↓
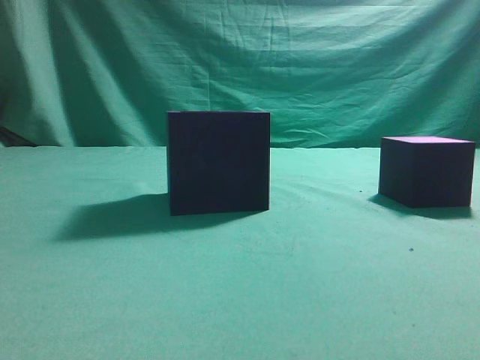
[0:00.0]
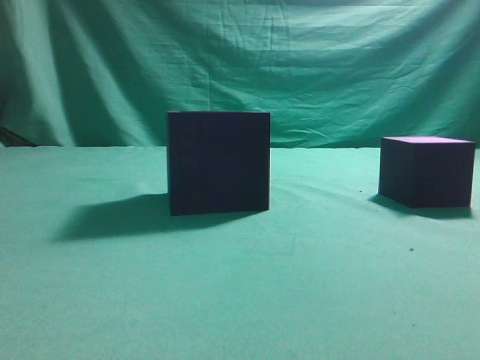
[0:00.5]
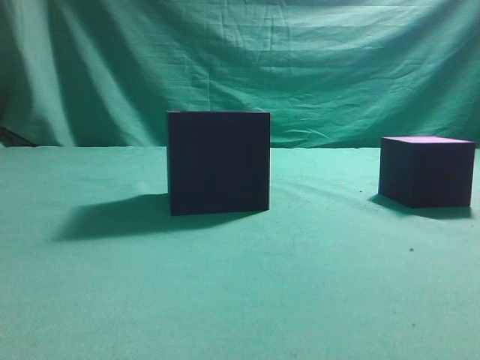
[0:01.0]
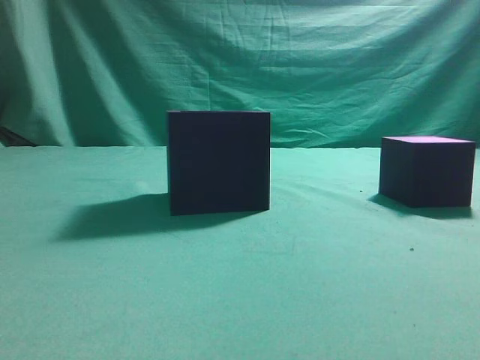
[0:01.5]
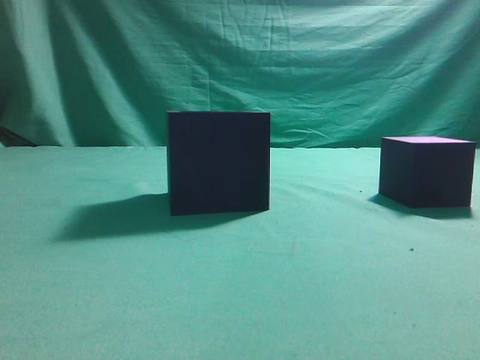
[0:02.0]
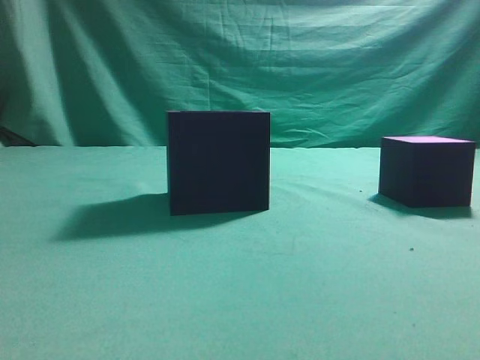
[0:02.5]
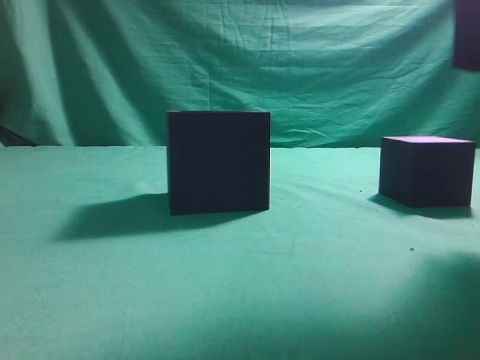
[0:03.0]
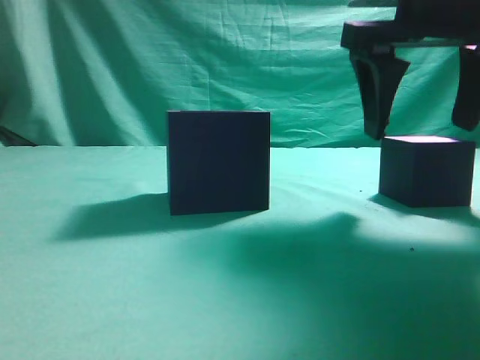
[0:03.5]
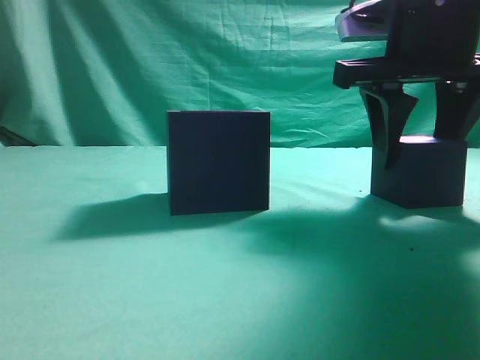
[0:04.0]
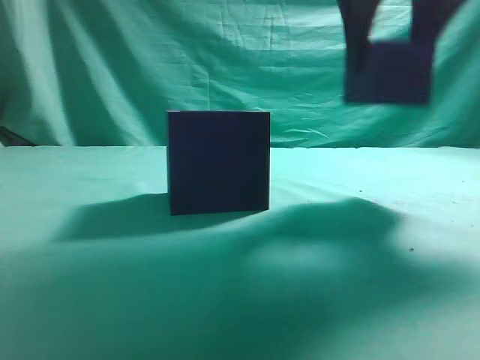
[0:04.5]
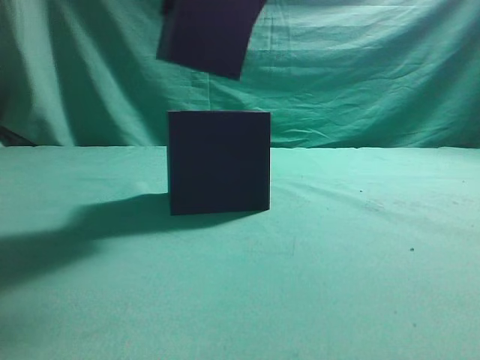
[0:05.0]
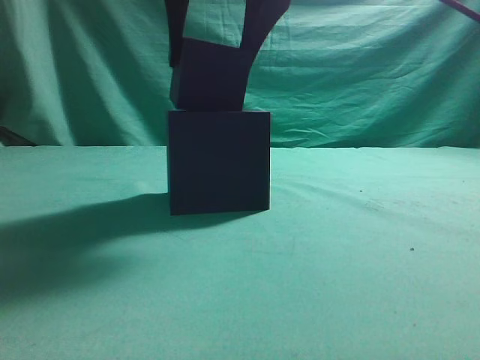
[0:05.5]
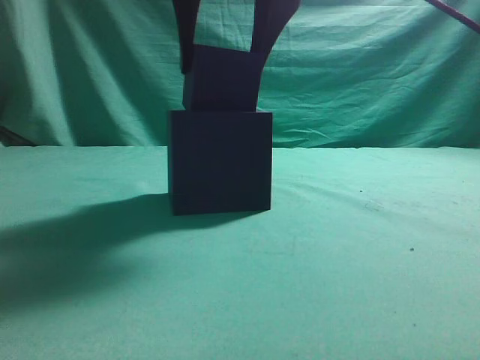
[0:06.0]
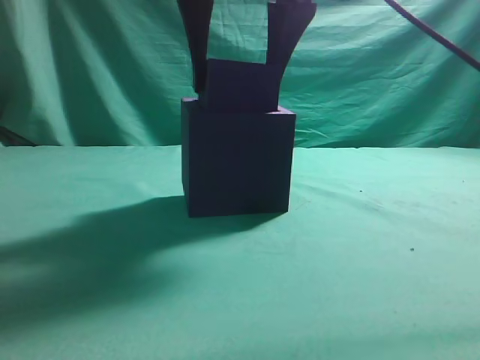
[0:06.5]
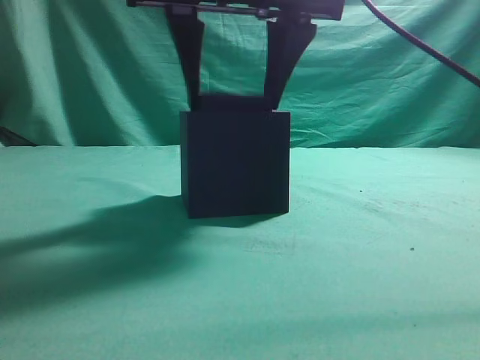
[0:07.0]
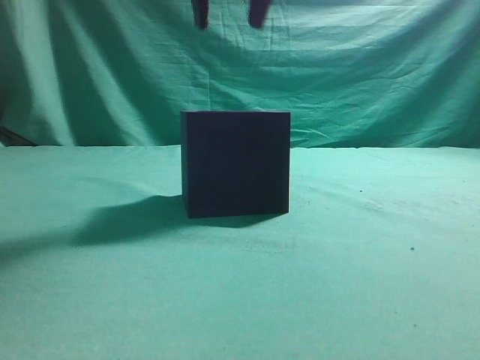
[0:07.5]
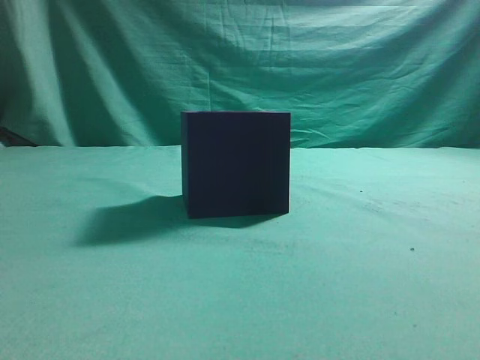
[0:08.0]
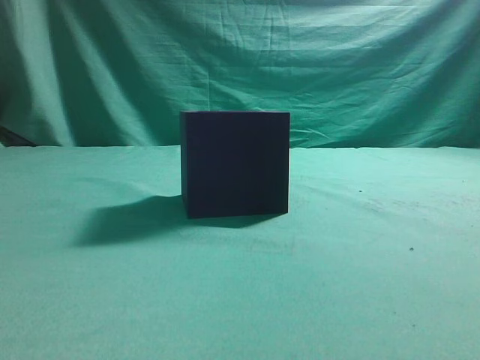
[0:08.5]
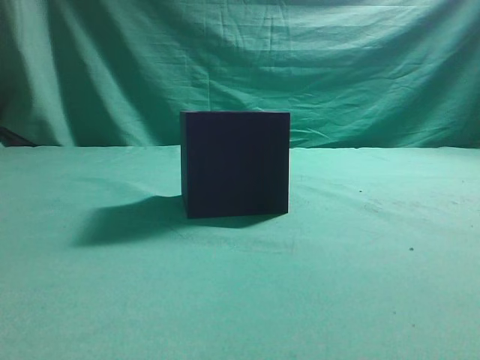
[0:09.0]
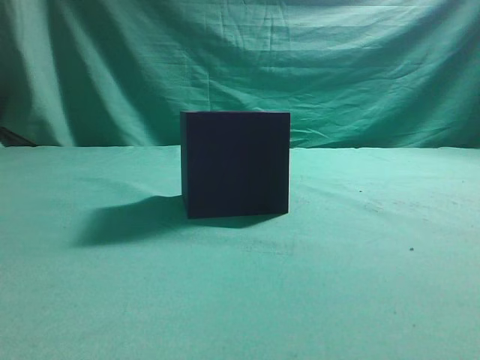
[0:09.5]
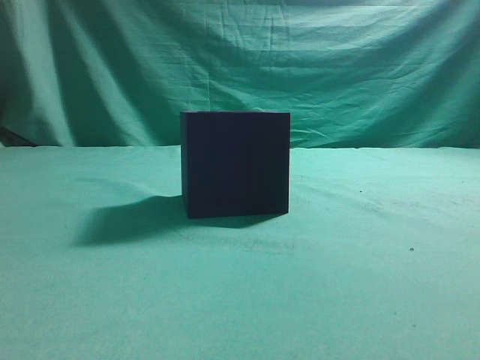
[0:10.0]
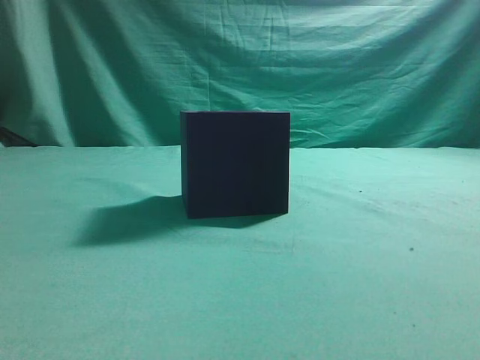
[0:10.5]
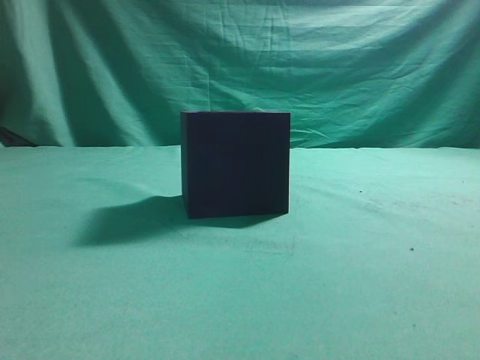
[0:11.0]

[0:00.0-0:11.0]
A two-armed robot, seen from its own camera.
↑
→ Your task:
Leave out the pictures and copy everything else in the records word for word.

→ Result:
[0:00.0]
[0:00.5]
[0:01.0]
[0:01.5]
[0:02.0]
[0:02.5]
[0:03.0]
[0:03.5]
[0:04.0]
[0:04.5]
[0:05.0]
[0:05.5]
[0:06.0]
[0:06.5]
[0:07.0]
[0:07.5]
[0:08.0]
[0:08.5]
[0:09.0]
[0:09.5]
[0:10.0]
[0:10.5]
[0:11.0]

[0:00.0-0:11.0]
A two-armed robot, seen from its own camera.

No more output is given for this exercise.